▶ _WHAT YOU NEED TO DO_
Print the entries in full, word for word, but not the pictures.
Top of DATA SUPPLIED
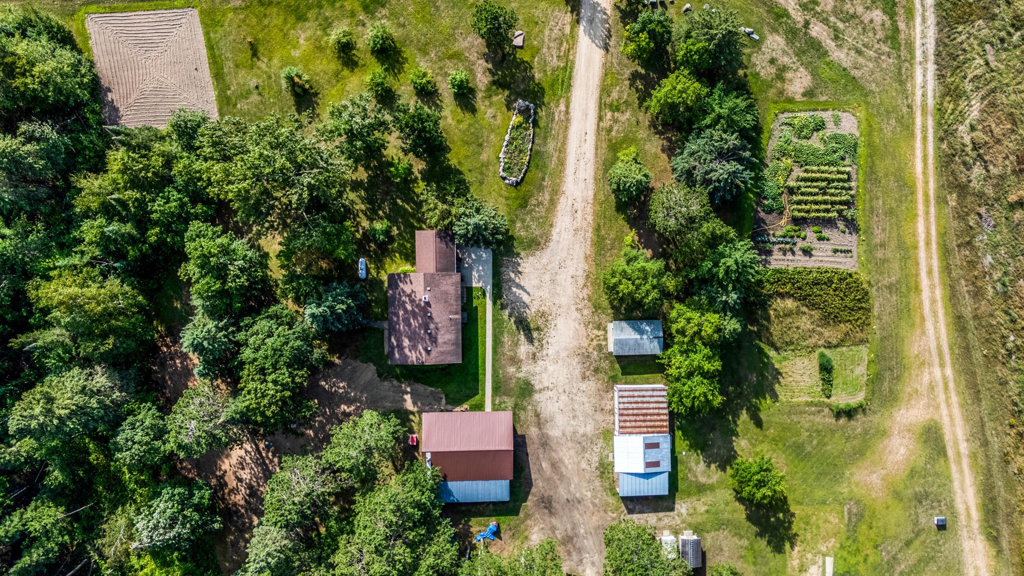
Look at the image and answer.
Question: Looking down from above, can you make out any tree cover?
Yes
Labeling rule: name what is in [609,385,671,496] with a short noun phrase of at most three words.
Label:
shed
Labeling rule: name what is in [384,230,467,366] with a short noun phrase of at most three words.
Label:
house
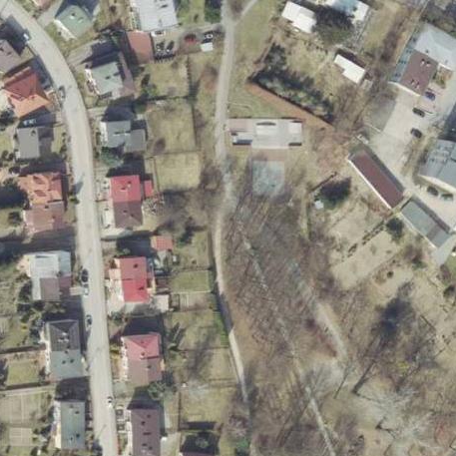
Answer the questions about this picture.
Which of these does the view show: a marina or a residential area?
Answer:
residential area
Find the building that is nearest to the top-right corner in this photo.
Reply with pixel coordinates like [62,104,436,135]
[408,23,456,71]
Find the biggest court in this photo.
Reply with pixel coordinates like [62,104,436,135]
[251,160,286,198]
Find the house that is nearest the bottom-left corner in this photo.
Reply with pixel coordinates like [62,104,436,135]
[52,400,85,449]
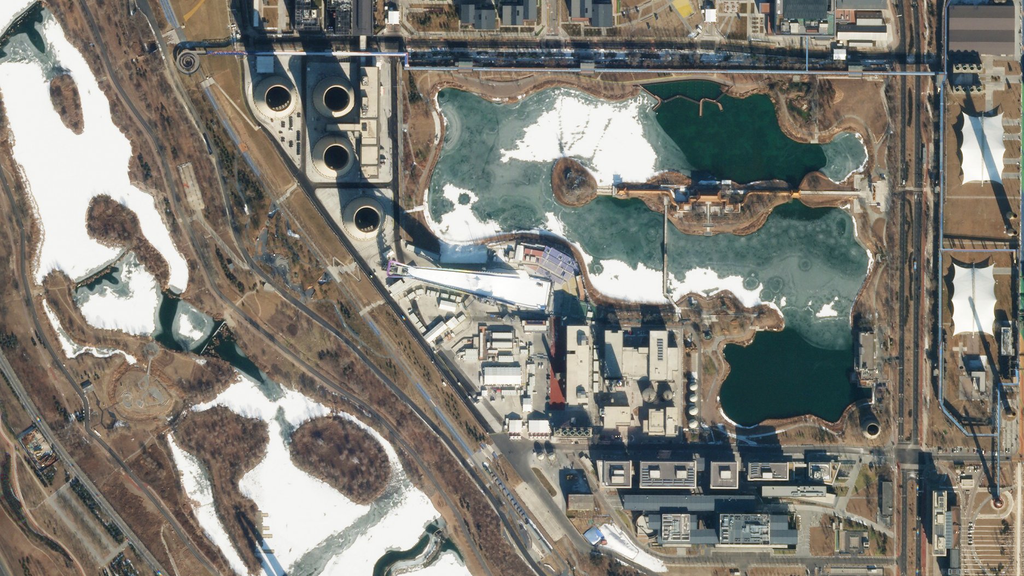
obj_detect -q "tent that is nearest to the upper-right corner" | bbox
[959,111,1006,187]
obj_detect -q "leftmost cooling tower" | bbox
[252,75,299,121]
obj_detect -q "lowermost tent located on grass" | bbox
[952,263,997,339]
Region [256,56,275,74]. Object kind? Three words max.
shed
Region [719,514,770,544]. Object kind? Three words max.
building
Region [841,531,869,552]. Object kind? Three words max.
house
Bottom of DATA SUPPLIED
▶ _RESPONSE_
Look at the image and answer.
Question: Looking down from above, can you make out any tree cover?
Yes
Labeling rule: name what is in [609,385,671,496] with a short noun phrase of at most three words.
Label:
shed
Labeling rule: name what is in [384,230,467,366] with a short noun phrase of at most three words.
Label:
house
Answer the questions about this picture.
Which of these does the view show: a marina or a residential area?
Answer:
residential area
Find the building that is nearest to the top-right corner in this photo.
Reply with pixel coordinates like [62,104,436,135]
[408,23,456,71]
Find the biggest court in this photo.
Reply with pixel coordinates like [62,104,436,135]
[251,160,286,198]
Find the house that is nearest the bottom-left corner in this photo.
Reply with pixel coordinates like [62,104,436,135]
[52,400,85,449]
obj_detect -q "tent that is nearest to the upper-right corner" | bbox
[959,111,1006,187]
obj_detect -q "leftmost cooling tower" | bbox
[252,75,299,121]
obj_detect -q "lowermost tent located on grass" | bbox
[952,263,997,339]
Region [256,56,275,74]. Object kind? Three words max.
shed
Region [719,514,770,544]. Object kind? Three words max.
building
Region [841,531,869,552]. Object kind? Three words max.
house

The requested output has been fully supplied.